Hayatın çekirdeği de dünyanın özü de insanmış. İçinde olduğumuz günlerde bunu daha iyi anladım. Dışarıda gürül gürül akan bir dünya kalmadı desem abartmış olmam herhalde. Baharı ve yazı sadece takvimden takip edeceğim endişesini taşırken umudu ıskalamak üzere olduğumu fark ettim. Parkları özledik, deniz kenarını, şehrin kalabalığını, okul bahçelerinin telaşını… “Özlemek ölmekten sadece iki harf fazla be çocuk” diyen şair, “ Özgürlüğün geldiği gün/ O gün ölmek yasak” da dememiş miydi? İçimdeki umut aynasını parlatmak gayesiyle bir hamle daha yapmak istedim. Pandora’nın kutusundaki son canlı olan kelebek geldi gözlerimin önüne. Dünyaya yayılan onca kötülüğü dengeleyen o umut kelebeği. Sakın bu virüsle, o umut kelebeğini bir tuttuğumu düşünmeyin. Olsa olsa “bi şey yapmalı” adlı işaret fişeği olabilir.
Evde olduğumuz bu sürede ruhumuzda ayıklamamız gereken ne varsa ayıklamalıyız. Doğa kendini yenilerken insan durur mu hiç? “Tadilat halindeyiz” tabelasını asıp yenilenmekten başka çaremiz yok diye düşünüyorum. Eşzamanlı haller yaşayan insanlık; sistemlerini, uygulamalarını, dayatmalarını sorguluyor bu sıra dışı günlerde. Tüm dillerde ortak öznenin virüs olduğu sıralı cümleler kuruluyor. Herkesi tuhaf bir şekilde birleştiren bu virüs, “ Bir araya gelmeden de birbirinizi kurtarabilirsiniz ey insanlar” narasıyla dolaşıyor ortalarda. Tarkovski, “Solaris” te “İnsana insan gerek” derken çağrışımı bu kadar geniş tuttuğunu düşünmüş müydü bilemiyorum.
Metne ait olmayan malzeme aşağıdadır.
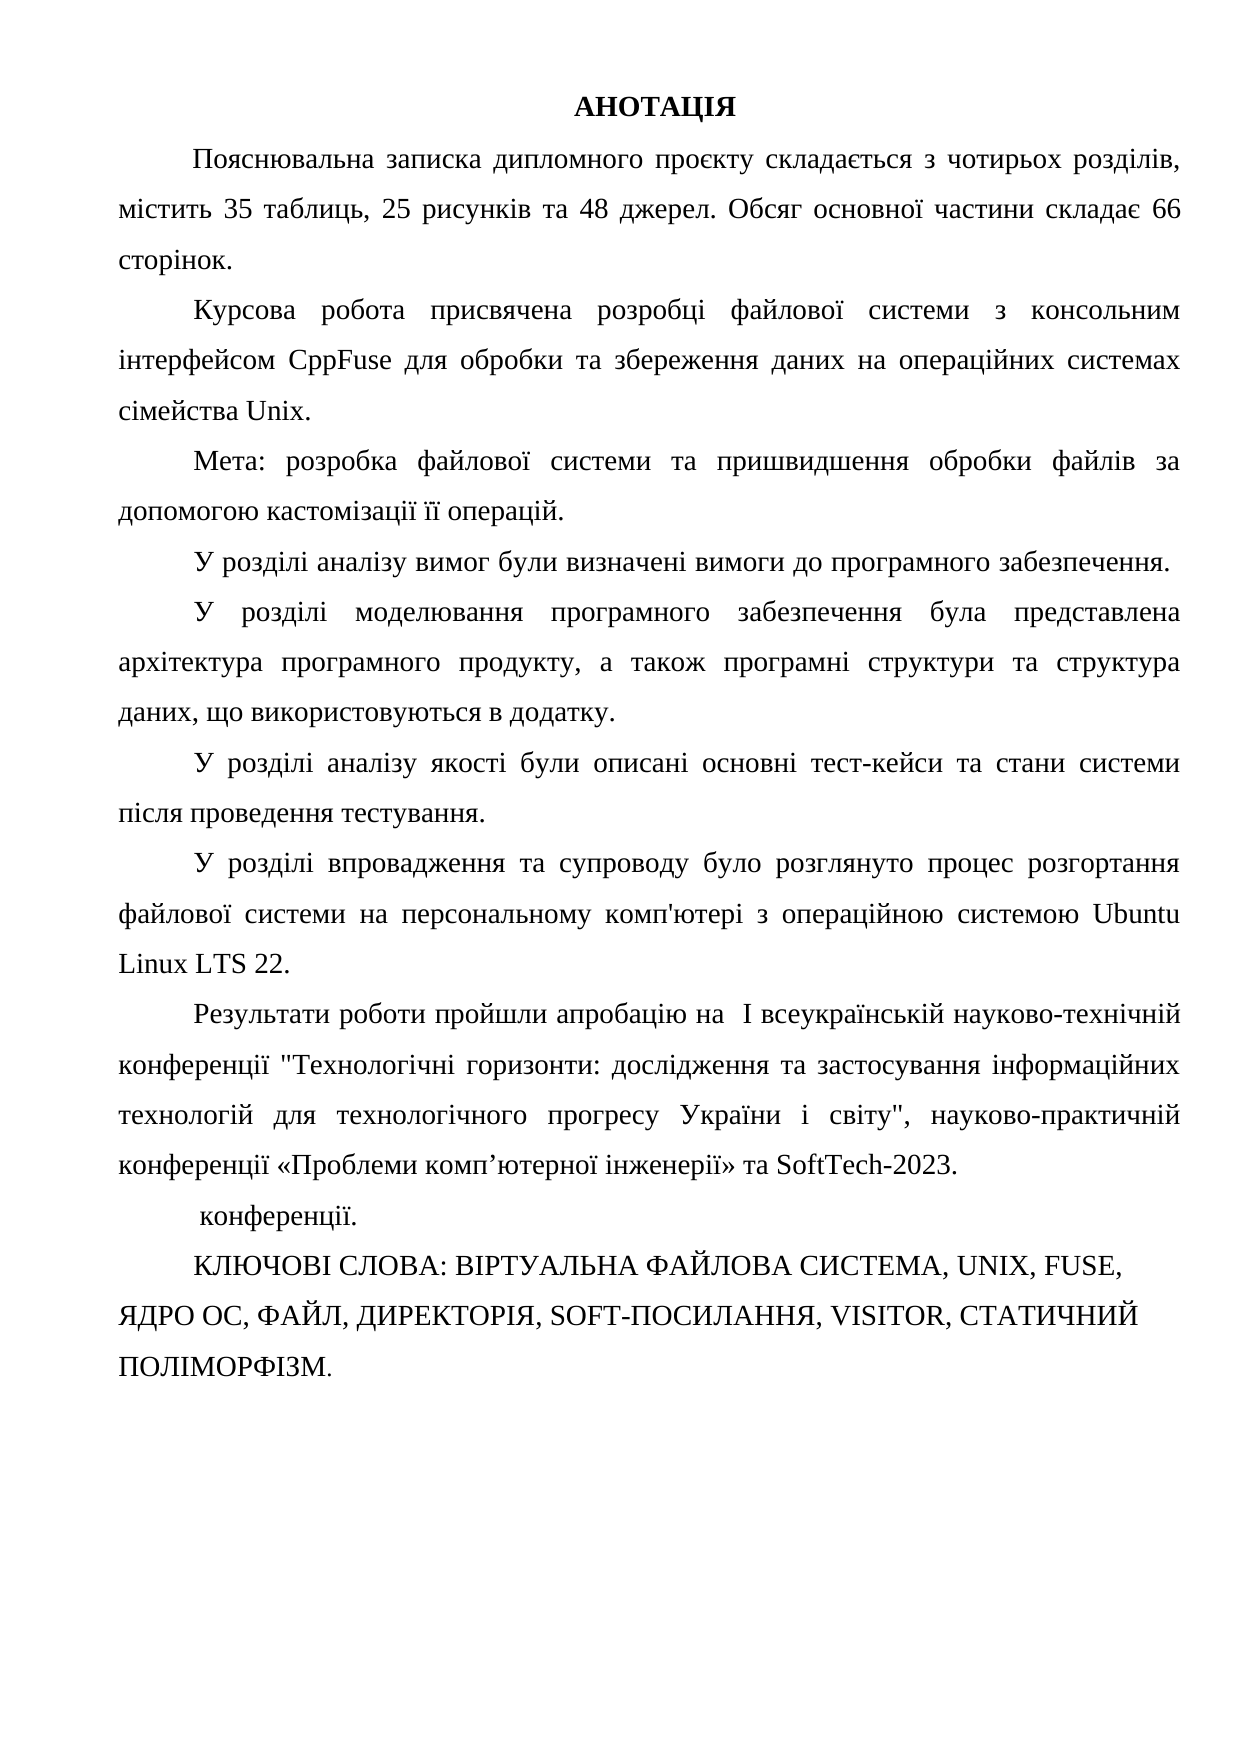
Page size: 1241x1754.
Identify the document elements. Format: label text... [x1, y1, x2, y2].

text Пояснювальна записка дипломного проєкту складається з чотирьох розділів, містить 35 таблиць, 25 рисунків та 48 джерел. Обсяг основної частини складає 66 сторінок. [118, 141, 1181, 275]
text КЛЮЧОВІ СЛОВА: ВІРТУАЛЬНА ФАЙЛОВА СИСТЕМА, UNIX, FUSE, ЯДРО ОС, ФАЙЛ, ДИРЕКТОРІЯ, SOFT-ПОСИЛАННЯ, VISITOR, СТАТИЧНИЙ ПОЛІМОРФІЗМ. [118, 1248, 1181, 1382]
text У розділі аналізу якості були описані основні тест-кейси та стани системи після проведення тестування. [118, 745, 1181, 829]
text Мета: розробка файлової системи та пришвидшення обробки файлів за допомогою кастомізації її операцій. [118, 443, 1181, 527]
text конференції. [118, 1198, 1181, 1231]
text У розділі аналізу вимог були визначені вимоги до програмного забезпечення. У розділі моделювання програмного забезпечення була представлена архітектура програмного продукту, а також програмні структури та структура даних, що використовуються в додатку. [118, 544, 1181, 728]
text Курсова робота присвячена розробці файлової системи з консольним інтерфейсом CppFuse для обробки та збереження даних на операційних системах сімейства Unix. [118, 292, 1181, 426]
text Результати роботи пройшли апробацію на I всеукраїнській науково-технічній конференції "Технологічні горизонти: дослідження та застосування інформаційних технологій для технологічного прогресу України і світу", науково-практичній конференції «Проблеми комп’ютерної інженерії» та SoftTech-2023. [118, 996, 1181, 1181]
text У розділі впровадження та супроводу було розглянуто процес розгортання файлової системи на персональному комп'ютері з операційною системою Ubuntu Linux LTS 22. [118, 846, 1181, 980]
text АНОТАЦІЯ [457, 89, 853, 122]

Kaygı, insan coğrafyasında en çabuk yayılan duygulardan biridir. Kontrol altına alınmadığında ise telafisi zor sonuçlar doğurur. Büyük bir trajediyi barındıran bu salgın alışkanlıklarımızı ve rutinlerimizi de vurdu. Her şeye anlam yükleme gibi bir huyum var. Acaba diyorum bu sayede kendine dönen insan, dünyaya yapıp ettiklerini görür mü? Ya da yaşamak denen şeyin sadece koşuşturmadan ibaret olmadığının ayrımına varır mı? Yavaşlar mı biraz daha? Yavaşlayıp daha güzel bir dünyayı hayal eder mi? Vaka sayılarının gösterildiği grafikler şöyle dursun belki de bilincimize, şimdi şimdi farkına vardığımız ortak duyarlılıklarımızın grafiğini çizeriz.
Hayatımız ne zaman normale dönecek bilmiyorum ama artık miladımızın, Koronavirüs’ün ortaya çıkışı olacağına eminim. Dünyaya verdiği rahatsızlık için özür dileyip kalbinde ve ruhunda onarım, üretim işlerine başlayan insana ihtiyacımız olduğunu düşünüyorum. İnanmanın güçlü olduğu bilinir öyle ki taşı bile Tanrı’ya dönüştürmüştür zamanında. İnsanoğlu bu girdaptan kurtulmasını bilir yeter ki bir insanın anlamının, başka bir insanın varlığına bağlı olduğuna inansın.
Gözlerimi kapatıyorum. Fonda “Masum Değiliz” şarkısı kulağıma fısıldıyor: Yavaşla ve hayal et. Yavaşla ve hayal et.